• _Task goal_:
When you reach the line containing "208.1h162.7M23.6 213.8h162.7M23.6 219.6h162.7M23.6" in the data below, reproduce it and every line that follows, exactly and without additions.

[Opening Data records section]

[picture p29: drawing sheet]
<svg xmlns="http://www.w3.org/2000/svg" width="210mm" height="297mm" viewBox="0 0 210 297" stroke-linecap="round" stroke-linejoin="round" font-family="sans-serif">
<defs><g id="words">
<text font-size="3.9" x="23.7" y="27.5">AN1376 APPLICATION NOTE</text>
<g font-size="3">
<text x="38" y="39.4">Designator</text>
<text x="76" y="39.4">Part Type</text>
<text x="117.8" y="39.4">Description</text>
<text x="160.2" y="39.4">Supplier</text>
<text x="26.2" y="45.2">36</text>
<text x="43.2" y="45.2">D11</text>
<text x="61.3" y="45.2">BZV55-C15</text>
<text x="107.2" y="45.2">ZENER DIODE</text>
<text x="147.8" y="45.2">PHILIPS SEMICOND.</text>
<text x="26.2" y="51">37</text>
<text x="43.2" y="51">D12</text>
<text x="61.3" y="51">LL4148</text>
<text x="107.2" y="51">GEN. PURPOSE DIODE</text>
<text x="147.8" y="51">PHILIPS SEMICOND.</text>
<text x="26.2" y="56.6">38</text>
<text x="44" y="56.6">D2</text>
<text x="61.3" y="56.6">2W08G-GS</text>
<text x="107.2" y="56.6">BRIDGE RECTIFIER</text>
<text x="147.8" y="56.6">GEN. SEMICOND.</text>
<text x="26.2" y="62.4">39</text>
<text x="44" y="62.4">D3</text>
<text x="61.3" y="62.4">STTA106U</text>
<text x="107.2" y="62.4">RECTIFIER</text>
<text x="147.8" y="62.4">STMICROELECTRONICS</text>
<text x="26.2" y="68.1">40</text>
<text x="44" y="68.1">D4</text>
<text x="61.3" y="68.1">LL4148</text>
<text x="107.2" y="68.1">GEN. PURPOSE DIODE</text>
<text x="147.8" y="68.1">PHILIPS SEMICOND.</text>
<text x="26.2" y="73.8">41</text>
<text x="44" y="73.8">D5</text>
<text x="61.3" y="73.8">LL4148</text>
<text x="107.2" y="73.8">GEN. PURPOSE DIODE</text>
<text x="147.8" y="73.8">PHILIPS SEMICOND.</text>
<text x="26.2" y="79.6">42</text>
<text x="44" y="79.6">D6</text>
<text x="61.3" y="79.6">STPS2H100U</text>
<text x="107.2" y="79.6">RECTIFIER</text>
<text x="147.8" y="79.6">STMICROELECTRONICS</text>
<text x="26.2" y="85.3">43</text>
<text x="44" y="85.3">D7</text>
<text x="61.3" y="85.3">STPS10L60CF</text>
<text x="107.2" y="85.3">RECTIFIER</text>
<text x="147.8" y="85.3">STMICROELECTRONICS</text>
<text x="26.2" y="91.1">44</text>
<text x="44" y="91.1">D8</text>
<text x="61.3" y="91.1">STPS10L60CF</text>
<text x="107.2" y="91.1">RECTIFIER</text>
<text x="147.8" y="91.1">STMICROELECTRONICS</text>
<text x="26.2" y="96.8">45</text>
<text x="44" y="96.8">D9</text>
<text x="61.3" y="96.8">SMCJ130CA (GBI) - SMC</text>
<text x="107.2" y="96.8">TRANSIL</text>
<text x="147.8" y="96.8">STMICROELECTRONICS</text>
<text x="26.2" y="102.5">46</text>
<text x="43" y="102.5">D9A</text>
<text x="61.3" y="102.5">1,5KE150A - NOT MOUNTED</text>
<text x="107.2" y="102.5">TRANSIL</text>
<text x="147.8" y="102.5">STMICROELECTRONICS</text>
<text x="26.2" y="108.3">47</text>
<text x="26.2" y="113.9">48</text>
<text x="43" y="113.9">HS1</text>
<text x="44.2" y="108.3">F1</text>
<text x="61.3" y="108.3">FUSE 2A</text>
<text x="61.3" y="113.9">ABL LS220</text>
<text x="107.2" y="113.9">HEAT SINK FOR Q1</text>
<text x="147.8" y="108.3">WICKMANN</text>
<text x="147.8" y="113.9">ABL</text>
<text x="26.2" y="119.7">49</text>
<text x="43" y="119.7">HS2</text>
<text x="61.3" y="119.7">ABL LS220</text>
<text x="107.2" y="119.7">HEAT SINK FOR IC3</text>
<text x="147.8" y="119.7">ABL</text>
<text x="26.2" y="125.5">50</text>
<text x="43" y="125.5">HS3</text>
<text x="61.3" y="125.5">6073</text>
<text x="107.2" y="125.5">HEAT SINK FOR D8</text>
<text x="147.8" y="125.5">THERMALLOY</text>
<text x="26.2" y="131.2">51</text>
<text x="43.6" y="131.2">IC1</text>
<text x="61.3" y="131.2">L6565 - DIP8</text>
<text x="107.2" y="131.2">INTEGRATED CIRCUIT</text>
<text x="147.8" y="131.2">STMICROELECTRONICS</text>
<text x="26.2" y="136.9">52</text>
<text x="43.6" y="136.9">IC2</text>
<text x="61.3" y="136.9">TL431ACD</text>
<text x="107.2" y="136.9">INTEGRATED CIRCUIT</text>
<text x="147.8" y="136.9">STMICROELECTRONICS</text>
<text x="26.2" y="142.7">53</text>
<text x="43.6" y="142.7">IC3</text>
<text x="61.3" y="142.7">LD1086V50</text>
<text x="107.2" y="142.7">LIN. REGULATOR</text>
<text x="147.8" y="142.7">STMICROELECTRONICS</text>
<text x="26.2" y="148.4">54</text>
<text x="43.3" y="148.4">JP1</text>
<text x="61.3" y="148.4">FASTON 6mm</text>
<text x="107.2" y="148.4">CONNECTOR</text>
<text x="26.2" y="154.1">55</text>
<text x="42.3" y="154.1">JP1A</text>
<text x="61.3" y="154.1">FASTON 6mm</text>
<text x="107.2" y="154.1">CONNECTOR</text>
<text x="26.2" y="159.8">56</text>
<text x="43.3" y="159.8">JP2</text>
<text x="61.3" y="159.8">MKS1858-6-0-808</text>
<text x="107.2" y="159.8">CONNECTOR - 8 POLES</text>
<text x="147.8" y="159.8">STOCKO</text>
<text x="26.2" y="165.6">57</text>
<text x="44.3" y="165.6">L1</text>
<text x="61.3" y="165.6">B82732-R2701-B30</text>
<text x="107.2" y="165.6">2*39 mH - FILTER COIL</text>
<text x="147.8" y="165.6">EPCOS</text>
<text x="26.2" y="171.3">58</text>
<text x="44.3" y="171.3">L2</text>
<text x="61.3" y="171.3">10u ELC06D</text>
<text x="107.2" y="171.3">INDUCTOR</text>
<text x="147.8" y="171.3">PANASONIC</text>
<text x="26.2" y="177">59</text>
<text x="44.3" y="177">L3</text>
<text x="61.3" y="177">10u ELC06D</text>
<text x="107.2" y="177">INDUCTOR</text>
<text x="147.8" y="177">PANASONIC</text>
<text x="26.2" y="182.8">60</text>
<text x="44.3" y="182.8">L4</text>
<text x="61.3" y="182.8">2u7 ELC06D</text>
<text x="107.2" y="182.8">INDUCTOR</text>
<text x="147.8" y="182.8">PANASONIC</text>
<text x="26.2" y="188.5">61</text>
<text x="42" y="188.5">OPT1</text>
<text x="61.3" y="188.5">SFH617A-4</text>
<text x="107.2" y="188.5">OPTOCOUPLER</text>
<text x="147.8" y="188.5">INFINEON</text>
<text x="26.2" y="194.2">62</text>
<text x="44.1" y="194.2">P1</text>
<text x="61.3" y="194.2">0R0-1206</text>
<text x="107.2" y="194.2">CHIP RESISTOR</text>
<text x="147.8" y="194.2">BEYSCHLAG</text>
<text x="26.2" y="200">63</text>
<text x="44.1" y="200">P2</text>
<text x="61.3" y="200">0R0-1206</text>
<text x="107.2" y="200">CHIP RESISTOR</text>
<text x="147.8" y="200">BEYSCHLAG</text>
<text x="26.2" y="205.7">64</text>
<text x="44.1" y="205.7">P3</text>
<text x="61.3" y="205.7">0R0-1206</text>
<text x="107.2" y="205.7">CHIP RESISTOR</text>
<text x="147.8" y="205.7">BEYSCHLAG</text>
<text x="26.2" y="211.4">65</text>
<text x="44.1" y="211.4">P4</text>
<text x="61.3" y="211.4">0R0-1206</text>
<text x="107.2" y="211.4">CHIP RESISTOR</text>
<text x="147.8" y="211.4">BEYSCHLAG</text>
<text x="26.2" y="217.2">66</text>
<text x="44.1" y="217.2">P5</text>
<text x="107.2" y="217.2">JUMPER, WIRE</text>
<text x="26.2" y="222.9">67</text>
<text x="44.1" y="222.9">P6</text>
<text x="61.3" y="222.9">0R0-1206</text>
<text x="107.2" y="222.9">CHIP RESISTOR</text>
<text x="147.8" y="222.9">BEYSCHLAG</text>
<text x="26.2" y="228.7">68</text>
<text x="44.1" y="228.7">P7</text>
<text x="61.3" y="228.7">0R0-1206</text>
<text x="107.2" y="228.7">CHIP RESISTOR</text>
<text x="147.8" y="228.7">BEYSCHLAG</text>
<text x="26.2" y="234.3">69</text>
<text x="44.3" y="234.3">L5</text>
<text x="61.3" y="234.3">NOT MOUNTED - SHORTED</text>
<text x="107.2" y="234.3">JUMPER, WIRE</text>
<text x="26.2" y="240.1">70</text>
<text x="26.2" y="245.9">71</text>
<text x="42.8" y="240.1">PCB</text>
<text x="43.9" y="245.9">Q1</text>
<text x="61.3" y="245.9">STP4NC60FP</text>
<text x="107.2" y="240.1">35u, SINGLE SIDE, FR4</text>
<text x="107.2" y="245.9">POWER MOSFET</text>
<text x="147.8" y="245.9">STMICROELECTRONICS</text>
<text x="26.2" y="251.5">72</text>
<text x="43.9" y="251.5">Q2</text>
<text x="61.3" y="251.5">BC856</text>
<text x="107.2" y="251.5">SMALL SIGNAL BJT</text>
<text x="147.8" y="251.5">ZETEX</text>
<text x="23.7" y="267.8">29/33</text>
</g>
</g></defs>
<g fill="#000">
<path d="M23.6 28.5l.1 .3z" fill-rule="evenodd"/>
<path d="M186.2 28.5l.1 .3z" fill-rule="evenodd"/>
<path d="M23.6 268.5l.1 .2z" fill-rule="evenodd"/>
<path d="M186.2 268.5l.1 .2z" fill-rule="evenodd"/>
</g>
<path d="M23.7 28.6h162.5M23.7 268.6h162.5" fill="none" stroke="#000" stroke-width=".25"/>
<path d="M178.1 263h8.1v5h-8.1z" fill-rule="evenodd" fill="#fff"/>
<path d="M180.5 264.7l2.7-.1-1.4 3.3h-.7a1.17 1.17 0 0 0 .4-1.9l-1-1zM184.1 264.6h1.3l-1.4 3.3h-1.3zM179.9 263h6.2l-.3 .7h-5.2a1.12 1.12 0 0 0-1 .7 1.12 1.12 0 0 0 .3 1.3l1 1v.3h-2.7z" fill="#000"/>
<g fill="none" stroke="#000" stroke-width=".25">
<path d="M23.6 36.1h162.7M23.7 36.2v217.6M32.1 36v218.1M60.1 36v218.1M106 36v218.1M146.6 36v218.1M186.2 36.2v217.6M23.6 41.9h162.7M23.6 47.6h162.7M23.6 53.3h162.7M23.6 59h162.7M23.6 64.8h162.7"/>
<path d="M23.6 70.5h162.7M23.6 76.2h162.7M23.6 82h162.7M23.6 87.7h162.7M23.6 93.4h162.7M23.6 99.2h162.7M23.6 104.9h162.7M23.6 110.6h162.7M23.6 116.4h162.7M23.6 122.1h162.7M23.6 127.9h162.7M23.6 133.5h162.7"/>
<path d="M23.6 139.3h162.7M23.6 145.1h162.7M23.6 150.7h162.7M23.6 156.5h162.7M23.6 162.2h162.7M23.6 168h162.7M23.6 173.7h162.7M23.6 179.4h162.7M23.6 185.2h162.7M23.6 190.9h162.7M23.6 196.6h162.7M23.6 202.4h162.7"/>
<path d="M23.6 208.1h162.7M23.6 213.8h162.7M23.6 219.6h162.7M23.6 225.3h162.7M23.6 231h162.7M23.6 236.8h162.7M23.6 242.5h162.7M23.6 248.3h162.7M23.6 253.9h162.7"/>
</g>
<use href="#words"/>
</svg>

[Closing Data records section]

• _Solution for this problem_:
<path d="M23.6 208.1h162.7M23.6 213.8h162.7M23.6 219.6h162.7M23.6 225.3h162.7M23.6 231h162.7M23.6 236.8h162.7M23.6 242.5h162.7M23.6 248.3h162.7M23.6 253.9h162.7"/>
</g>
<use href="#words"/>
</svg>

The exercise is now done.